According to Akande, sometime in 2014, Maina reportedly wrote to the commission to reconsider the dismissal.

“But we turned down his request,” he told the House committee.

Nonetheless, Akande said in January 2017, “we received a letter from the attorney-general demanding an update on Maina’s reinstatement and we said he remained dismissed”.

According to him, the AGF then sent a third letter noting that the basis of his dismissal could not stand because his arrest warrant had been botched by a high court.

Akande further revealed that Maina was not promoted as reported by the media but was reinstated on the civil service grade level of his dismissal in 2013.

The Head of the Civil Service of the Federation (HoS), Mrs. Winifred Oyo-Ita, in her testimony, said the Ministry of Interior acted in error by reinstating Maina without a formal letter.

She said she had expressed her reservations and concern over the letters and decided not to act on it even though they had purportedly originated from the Office of the AGF, as it could not have been in the interest of the present administration’s posture on fighting corruption in the system.

However, citing procedural lapses on the side of government, the legal counsel to Maina, Mr.

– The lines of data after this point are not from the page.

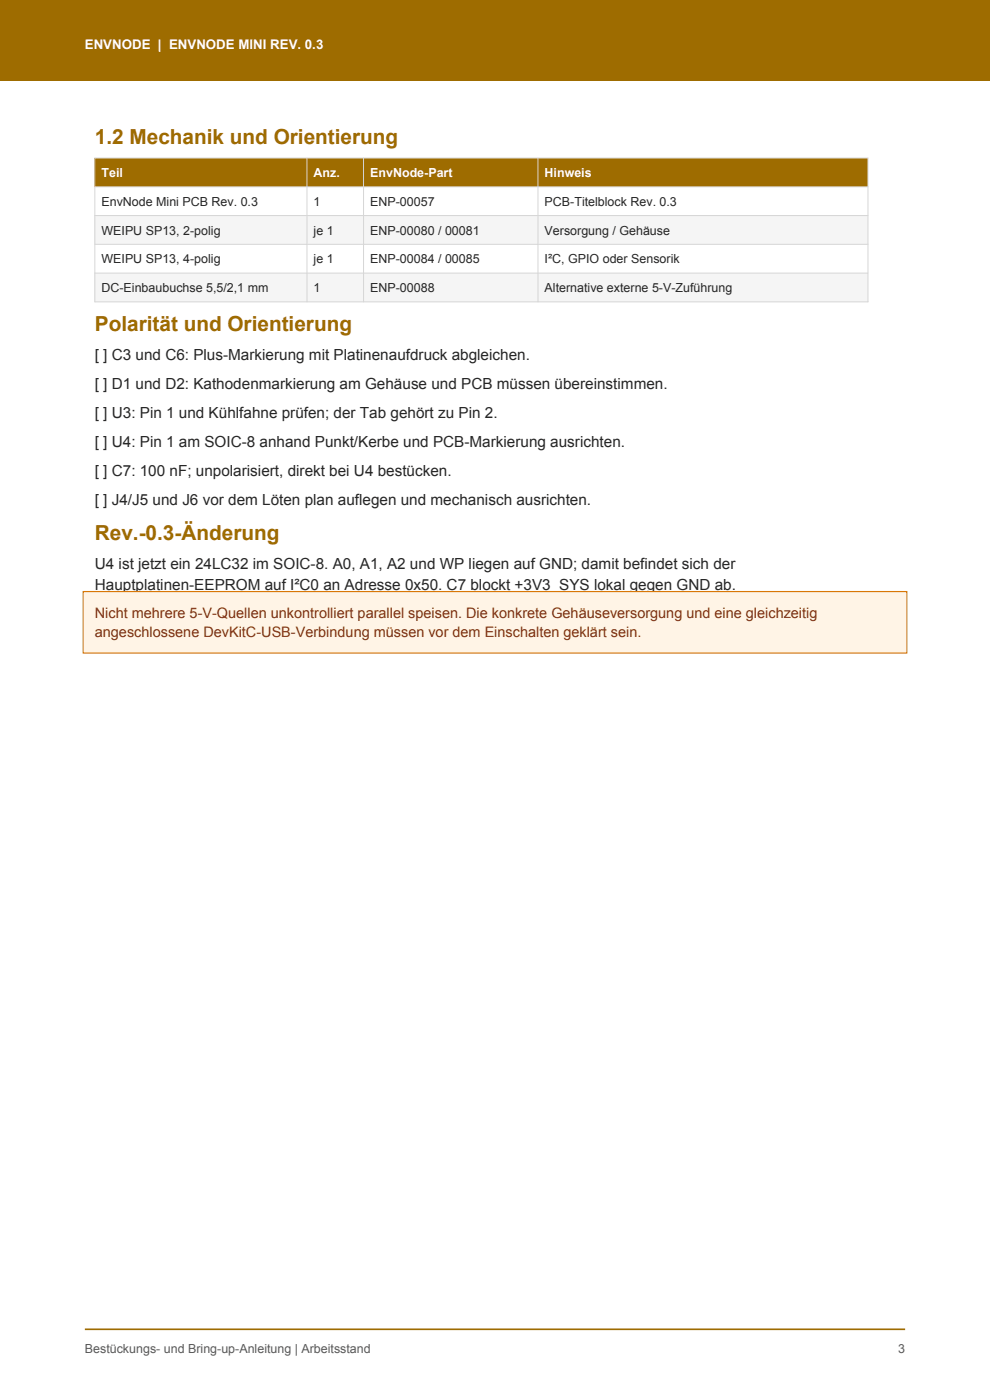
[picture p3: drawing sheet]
<svg xmlns="http://www.w3.org/2000/svg" width="210mm" height="297mm" viewBox="0 0 210 297" stroke-linecap="round" stroke-linejoin="round" font-family="sans-serif">
<defs><g id="words">
<g font-size="4.4" fill="#9e6c00">
<text x="20.1" y="30.5">1.2 Mechanik und Orientierung</text>
<text x="20.1" y="70.2">Polarität und Orientierung</text>
<text x="20.1" y="114.5">Rev.-0.3-Änderung</text>
</g>
<g font-size="3.2" fill="#262626">
<text x="20.1" y="76.5">[ ] C3 und C6: Plus-Markierung mit Platinenaufdruck abgleichen.</text>
<text x="20.1" y="82.6">[ ] D1 und D2: Kathodenmarkierung am Gehäuse und PCB müssen übereinstimmen.</text>
<text x="20.1" y="88.7">[ ] U3: Pin 1 und Kühlfahne prüfen; der Tab gehört zu Pin 2.</text>
<text x="20.1" y="94.9">[ ] U4: Pin 1 am SOIC-8 anhand Punkt/Kerbe und PCB-Markierung ausrichten.</text>
<text x="20.1" y="101">[ ] C7: 100 nF; unpolarisiert, direkt bei U4 bestücken.</text>
<text x="20.1" y="107.1">[ ] J4/J5 und J6 vor dem Löten plan auflegen und mechanisch ausrichten.</text>
<text x="20.1" y="120.7">U4 ist jetzt ein 24LC32 im SOIC-8. A0, A1, A2 und WP liegen auf GND; damit befindet sich der</text>
<text x="20.1" y="125.1">Hauptplatinen-EEPROM auf I²C0 an Adresse 0x50. C7 blockt +3V3_SYS lokal gegen GND ab.</text>
</g>
<g font-size="3.1" fill="#7c2d12">
<text x="20.1" y="131">Nicht mehrere 5-V-Quellen unkontrolliert parallel speisen. Die konkrete Gehäuseversorgung und eine gleichzeitig</text>
<text x="20.1" y="135.1">angeschlossene DevKitC-USB-Verbindung müssen vor dem Einschalten geklärt sein.</text>
</g>
<text font-size="2.8" fill="#fff" x="18" y="10.5">ENVNODE | ENVNODE MINI REV. 0.3</text>
<g font-size="2.6" fill="#fff">
<text x="21.5" y="37.6">Teil</text>
<text x="66.5" y="37.6">Anz.</text>
<text x="78.5" y="37.6">EnvNode-Part</text>
<text x="115.5" y="37.6">Hinweis</text>
</g>
<g font-size="2.6" fill="#262626">
<text x="21.5" y="43.7">EnvNode Mini PCB Rev. 0.3</text>
<text x="66.5" y="43.7">1</text>
<text x="78.5" y="43.7">ENP-00057</text>
<text x="115.5" y="43.7">PCB-Titelblock Rev. 0.3</text>
<text x="21.5" y="49.8">WEIPU SP13, 2-polig</text>
<text x="66.5" y="49.8">je 1</text>
<text x="78.5" y="49.8">ENP-00080 / 00081</text>
<text x="115.5" y="49.8">Versorgung / Gehäuse</text>
<text x="21.5" y="55.9">WEIPU SP13, 4-polig</text>
<text x="66.5" y="55.9">je 1</text>
<text x="78.5" y="55.9">ENP-00084 / 00085</text>
<text x="115.5" y="55.9">I²C, GPIO oder Sensorik</text>
<text x="21.5" y="62">DC-Einbaubuchse 5,5/2,1 mm</text>
<text x="66.5" y="62">1</text>
<text x="78.5" y="62">ENP-00088</text>
<text x="115.5" y="62">Alternative externe 5-V-Zuführung</text>
</g>
<g font-size="2.6" fill="#595959">
<text x="18" y="287">Bestückungs- und Bring-up-Anleitung | Arbeitsstand</text>
<text x="190.5" y="287">3</text>
</g>
</g></defs>
<path d="M0 0h210v17h-210z" fill-rule="evenodd" fill="#9e6c00"/>
<path d="M18 282h174" fill="none" stroke="#9e6c00" stroke-width=".35"/>
<path d="M20.1 33.5h164v6.1h-164z" fill-rule="evenodd" fill="#9e6c00"/>
<path d="M20.1 39.6h164v6.1h-164z" fill-rule="evenodd" fill="#fff"/>
<path d="M20.1 45.7h164v6.1h-164z" fill-rule="evenodd" fill="#f5f5f5"/>
<path d="M20.1 51.8h164v6.1h-164z" fill-rule="evenodd" fill="#fff"/>
<path d="M20.1 57.9h164v6.1h-164z" fill-rule="evenodd" fill="#f5f5f5"/>
<path d="M20.1 33.5h164v30.5h-164zM20.1 39.6h164M65.1 33.5v30.5M77.1 33.5v30.5M114.1 33.5v30.5M20.1 45.7h164M20.1 51.8h164M20.1 57.9h164" fill="none" stroke="#d6d6d6" stroke-width=".21"/>
<path d="M17.6 125.5h174.8v13h-174.8z" fill-rule="evenodd" fill="#fff4e6" stroke="#d97706" stroke-width=".25"/>
<use href="#words"/>
</svg>

Muhammed Sani Katu, argued that it was not true that his client had been dismissed from the civil service as widely reported.

“He remains a staff of the civil service,” he said, adding that Maina still works for the federal government attending to letters addressed to him by government agencies, among others.

Asked by the committee if he was still being paid salaries and emoluments.

Katu answered in the affirmative, adding that files had been sent to Maina within the last two months to treat and minute on as an acting director.

He promised to provide evidence to back his claims at the next hearing.

The counsel said his client’s purported dismissal had been carried out despite the fact that the matter was already in court where the power to sack him was already in dispute.

Although the HoS and the Ministry of Interior as well as the FCSC claimed they were unaware of the court proceedings against them, Katu said evidence will be provided to the committee at its next sitting.

He said Maina, who was “avoidably” absent from the hearing due to security concerns will need the cover of the committee against arrest by the law enforcement agencies, given that the House had passed a resolution which aside from calling for an inquiry into his reinstatement, had also urged the EFCC to immediately arrest him.

Katu said by that declaration, the House appeared to have adjudged him to be guilty.

On Maina’s disappearance in the heat of the alleged pension scam, his counsel said the former pension boss had to go into hiding as a result of threats to his life, especially from the State House.

However, a mild drama ensued to the consternation of the committee when the Inspector-General of Police (IG), Ibrahim Idris said the police did not play any role whatsoever in the disappearance and reinstatement of Maina, as no member of the force was a member of his committee.

Represented at the hearing by the Deputy Inspector General of Police (DIG), Research and Planning, Tochukwu Valentine, Idris said the police had no knowledge of the circumstances other than what was in the public domain.

When the committee, however, reminded him of a good number of policemen providing security to the embattled Maina amid the crisis, the police boss said: “We don’t have any record of any police officer guarding Maina” and challenged anyone to provide such details.

Idris said the only point at which the police got involved was when Maina was declared wanted based on a bench warrant issued against him by the Senate.

He added that till date, the police were still looking for him.